I for one abhor this vicious media game, which preys on good, hard working people and tries to turn them into obsequious followers by verbally spooning their cheap dribble designed to ruthlessly fatten-up their own paychecks. Lets please think and give some serious consideration of how the collective psyche all around us, is fragmenting with paranoia, fear, anxiety and just on and on, by what, you guessed it, “NEW’S, MORE NEW’S and MORE NEW’S, most of it bad, until you get to a point where you just literally want to puke.

Wouldn’t you know it, me also just talking about this, is exactly the kind of contribution these newspaper articles are designed for. Yes folks, just keep fanning the fire, and not only have I done my job well, but it insures I’ll have it a bit longer, so please keep reading and disseminating ……..that’s my job..man!

There is allot to say but in support of what follows, personally I’d first say that we (the US) should take the approximate 69 billion dollars annually spent only by the US of A on this ridicules drug war on both sides of the border and globally, and kick-off a very serious needed program. They should make it very clear that its over, we’re done and we are heading straight toward eventually pulling the illegal plug right out from under the “narco industry” and then watch the cartels scramble with the pharmaceuticals while they and everyone else will jock for a position when drugs are 25 cents and heading toward a dime a pop….

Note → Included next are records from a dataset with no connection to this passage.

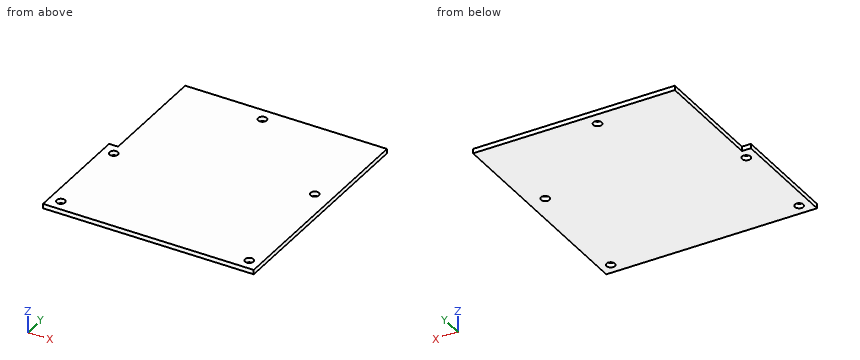
```python
from build123d import *

# Parameters (mm, degrees)
SKETCH1_R           = 1.5
BOSS_EXTRUDE1_DEPTH = 1.6002


with BuildPart() as part:
    # Sketch1 → Boss-Extrude1 (new body)
    with BuildSketch(Plane.XY):
        Polygon((74.93, 80.645), (3.175, 80.645), (3.175, 40.005), (0, 40.005), (0, 0), (74.93, 0), align=None)
        with Locations((68.984, 47.026)):
            Circle(SKETCH1_R, mode=Mode.SUBTRACT)
        with Locations((33.3595, 76.026)):
            Circle(SKETCH1_R, mode=Mode.SUBTRACT)
        with Locations((3.984, 36.026)):
            Circle(SKETCH1_R, mode=Mode.SUBTRACT)
        with Locations((70.984, 4.026)):
            Circle(SKETCH1_R, mode=Mode.SUBTRACT)
        with Locations((3.984, 4.026)):
            Circle(SKETCH1_R, mode=Mode.SUBTRACT)
    extrude(amount=BOSS_EXTRUDE1_DEPTH)


solid = part.part
```
The listing builds one solid part. Answer for the finished solid, in the listing's coordinates (mm). Give positions to 0.01 mm unless a question says otherwise; leave off trailing zeros. Order: outer loops, then holes, each group sorted by start corner. A loop starts at its lowest first (then second) coordinate and runs counter-clockwise, first axis right, second up.
1) Find section A-A on z = 0.75. Write down the section's boundary in (x, y) (1 decimal).
Reported:
outline: (0, 0) - (74.9, 0) - (74.9, 80.6) - (3.2, 80.6) - (3.2, 40) - (0, 40) - close; hole circle Ø3 at (4, 4); hole circle Ø3 at (4, 36); hole circle Ø3 at (33.4, 76); hole circle Ø3 at (69, 47); hole circle Ø3 at (71, 4)
2) Given P1, Ø0.5, axis at y = 62.5, z = 0.5, coming from the -X side (3 decimals), flat-ended and moving along its own axis, determine where the tip first touches the part or whether it passes through.
Reported:
P1: stops at x = 3.175
3) Consider line 1 along Y through (x, z) = (33.5, 0.8) (3 decimals); line 2 along Y through (x, z) = (32, 1.2) (3 decimals); line 3 along X through (y, z) = (57, 1.05) (3 decimals). Determine where each line is inside the solid, lowest interval first.
Reported:
line 1: y = 0 to 74.533, 77.519 to 80.645
line 2: y = 0 to 75.392, 76.66 to 80.645
line 3: x = 3.175 to 74.93
4) Find section B-B on y = 53.5. Write down the section's boundary in (x, z) (3 decimals), then the cut area to 3 significant figures.
Reported:
outline: (3.175, 0) - (74.93, 0) - (74.93, 1.6) - (3.175, 1.6) - close
area: 115 mm2

No doubt, there will be an initial surge in drug use, until down the line, maybe 10, 15 or 20 years from now, something akin to anti-cigarette adds will sublimely and eventually work its way into public consciousness and making the forbidden fruit aspect of drugs, eventually, tired, wasteful, stupid and unhealthy in the consciousness of our people.

The taxes collected from the pharmaceuticals, can go toward building rehabs, outpatient clinics, public education and the monies saved on armies of police and solders fighting these same stupid drug wars can also go toward more, continuous public education and better schools for our children and adults.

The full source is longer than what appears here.